مقالات پذیرفته شده در ششمین کنگره بین المللی زیست پزشکی
Identification of Colorectal Cancer Highly Associated CircRNAs Through Integrative Bioinformatics and ceRNA Networks
Identification of Colorectal Cancer Highly Associated CircRNAs Through Integrative Bioinformatics and ceRNA Networks
Liora Yesharim,1,*
1. Department of Medical Genetics, School of Medicine, Iran university of Medical Sciences, Tehran, Iran
Introduction: Colorectal cancer (CRC) is the third most commonly diagnosed cancer worldwide and is the second leading cause of cancer-related mortality. Despite all advances, the overall survival and therapeutic efficiency of CRC is still poor, and there is a great need to identify key pathways involved in CRC pathogenesis, novel biomarkers and drug targets. Circular RNAs (circRNAs) are covalently closed RNAs that play critical roles in the cell, including regulating gene expression, which is mainly through sponging miRNAs. Numerous studies have shown that circRNAs are involved in tumorigenesis. Due to their high stability and specific cellular functions, they may be ideal biomarkers and drug targets for cancer.
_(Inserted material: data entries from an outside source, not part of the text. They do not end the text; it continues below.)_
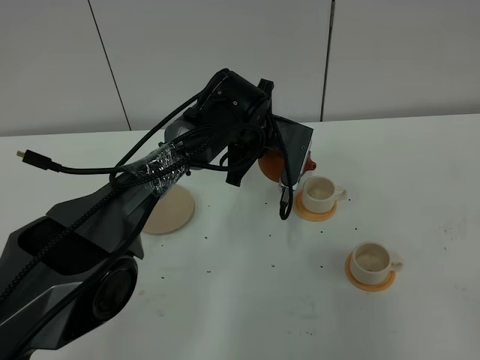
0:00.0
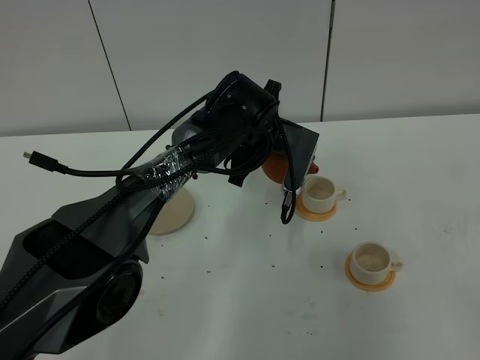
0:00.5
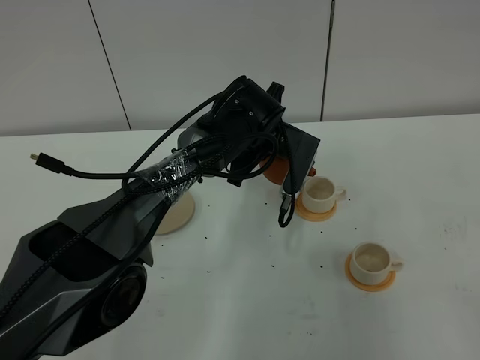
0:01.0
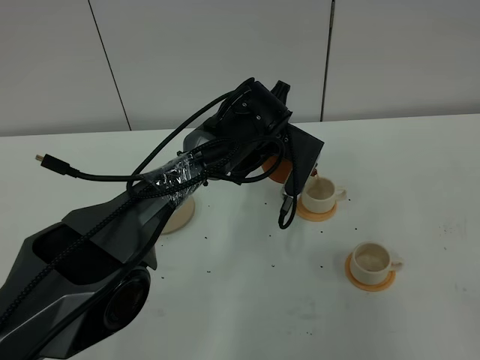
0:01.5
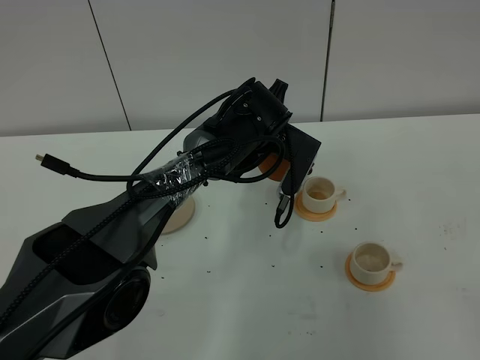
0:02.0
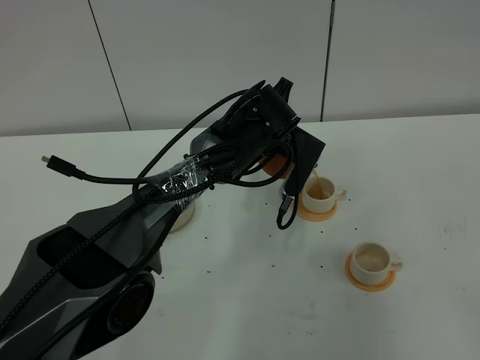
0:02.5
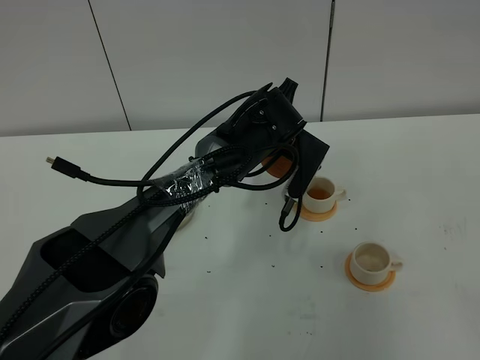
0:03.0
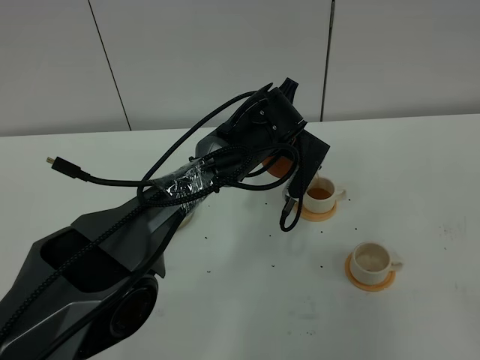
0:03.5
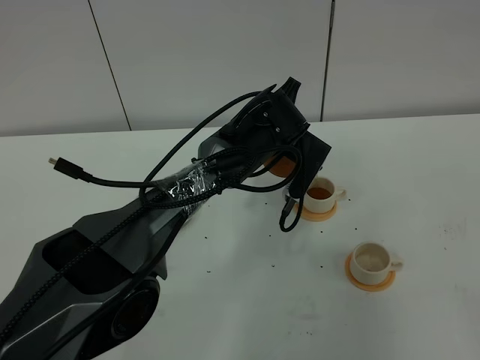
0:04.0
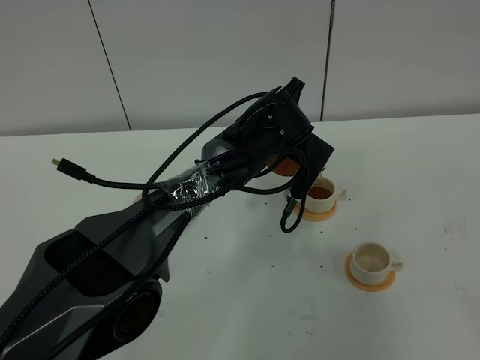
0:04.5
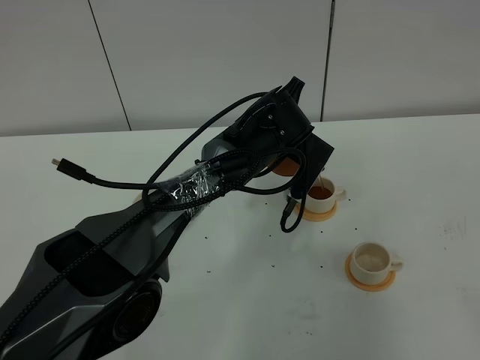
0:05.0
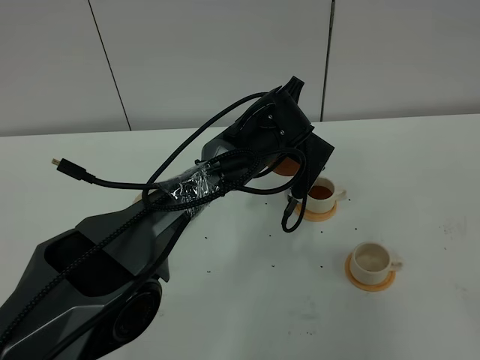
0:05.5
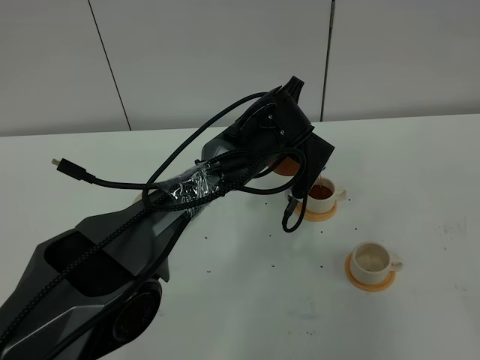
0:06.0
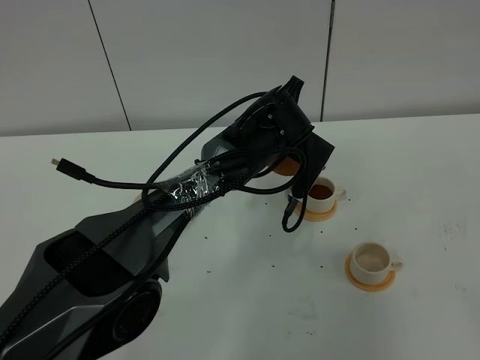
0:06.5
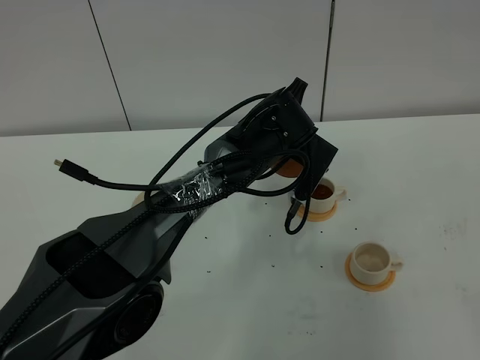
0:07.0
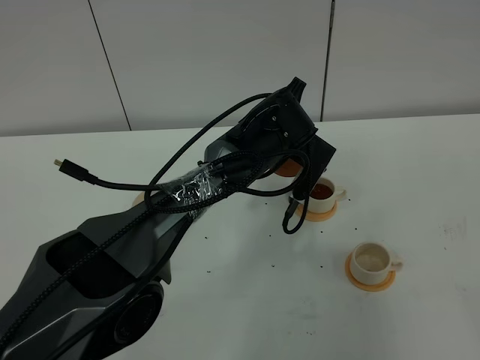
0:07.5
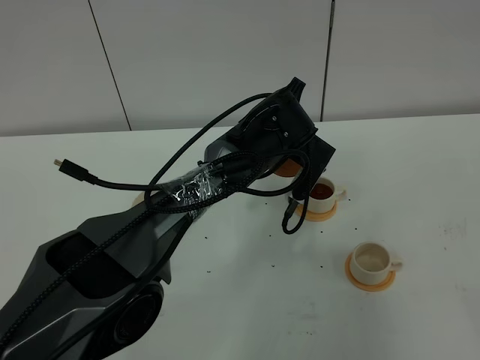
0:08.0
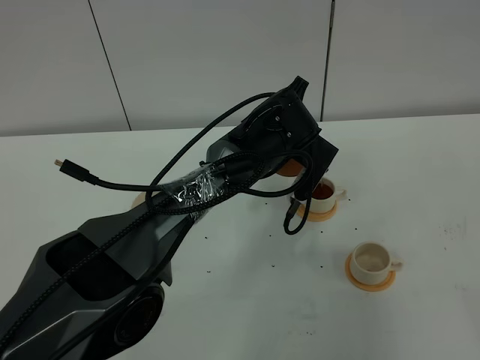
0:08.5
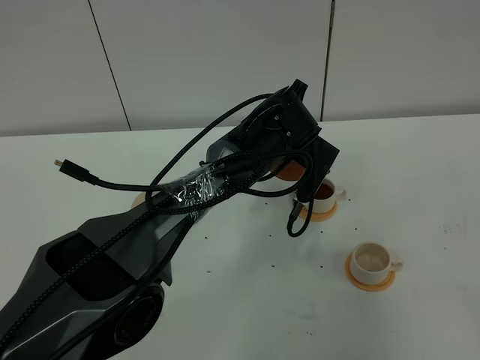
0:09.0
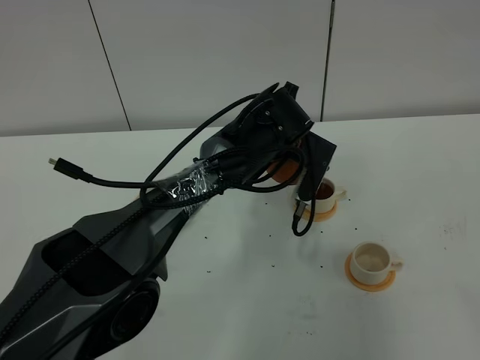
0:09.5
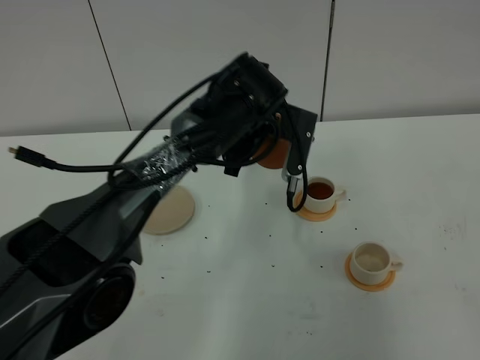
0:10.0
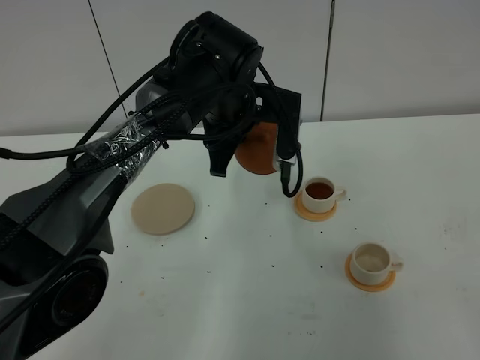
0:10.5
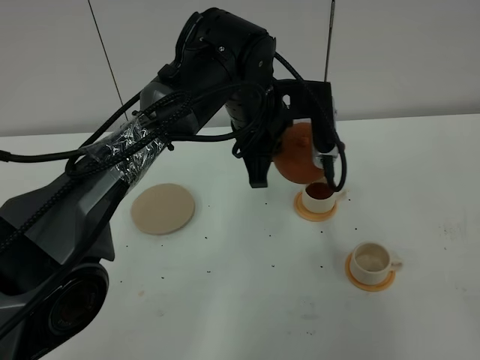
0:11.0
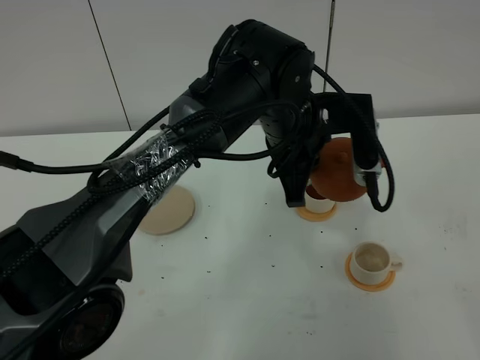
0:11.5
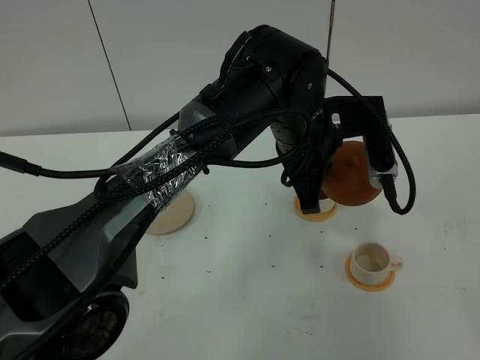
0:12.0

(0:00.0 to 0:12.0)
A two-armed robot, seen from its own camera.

To identify dysregulated circRNAs in CRC with high statistical significance, a meta-analysis of microarray datasets was performed and the major circRNAs with regulatory effects on hub genes were investigated.
Methods: A total of 40 circRNA microarray samples from three GEO (www.ncbi.nlm.nih.gov/geo) datasets (GSE126094, GSE138589, GSE142837) were selected for this study. All datasets were from the same platform (GPL19978) and included cancer and paired normal tissues. First, quality control was performed. Samples of poor quality were removed. Log2 transformation and quantile normalization (using the Limma package in the R software) were performed when necessary. The batch effect was removed using the Combat function of the R package called "SVA". Meta-analysis of the three datasets was performed using two approaches: direct merging (DM) and random-effects model (REM). Differentially expressed circRNAs (DECs) were screened using the cutoff value of 0.05 Benjamini-Hochberg's adjusted P-value and |log2FC| > 1. CircRNAs identified by both the DM and REM methods were considered for further analysis. MiRNA targets of DECs were identified using the CircMine (www.biomedical-web.com/circmine) database. The most likely mRNA targets of the miRNAs were identified using the miRDB (score cut-off 90) web tool (http://mirdb.org/). The CircRNA-miRNA mRNA network, also known as ceRNA network, was constructed (Figure 1) using Cytoscape (v.3.8.9). CytoHubba, a Cytoscape plugin, was used to identify the top 10 hub genes of the ceRNA network. Then, the circRNAs interacting with these hub genes were analyzed as "crucial circRNAs." To identify the pathways involving crucial circRNAs, KEGG pathway enrichment analysis was performed.
Results: REM Meta-analysis of microarray datasets of circRNAs revealed 338 dysregulated circRNAs and DM revealed 125 dysregulated circRNAs. A total of 54 DECs, including 10 upregulated and 44 downregulated circRNAs, were identified by both the DM and REM meta-analysis approaches and used for further investigation. 193 miRNAs were identified as targets for DECs sponges and 567 genes were identified as targets for miRNAs. Based on the Maximal Clique Centrality (MCC) algorithm of CytoHubba, PTEN, AGO1, AGO3, AGO4, MAPK8, MECP2, NRAS, CCND2, ETS1, and ITGAV were identified as the major hub genes. Examination of the circRNA-miRNA hub gene network (Figure 2) revealed that seven circRNAs (hsa_circ_0000512, hsa_circ_0072387, hsa_circ_0001022, hsa_circ_0001525, hsa_circ_0041555, hsa_circ_0049356, hsa_circ_0061817) can potentially regulate the expression of key hub genes in CRC. The mTOR and FoxO signaling pathways, microRNAs in cancer, and EGFR tyrosine kinase inhibitor resistance were among the enriched KEGG pathways of the seven hub circRNAs.
Conclusion: In summary, the present study aimed to prioritize the most likely circRNA candidates that play a role in colorectal cancer and could be used as future biomarkers or drug targets. Two different approaches of the meta-analysis were performed to identify DECs with high statistical significance. In addition, seven circRNAs were identified as potential modulators of hub genes in CRC. Furthermore, this study provides a deeper understanding of circRNA-related competing endogenous RNA regulatory mechanisms in CRC pathogenesis and the major signaling pathways involved in CRC tumorigenesis.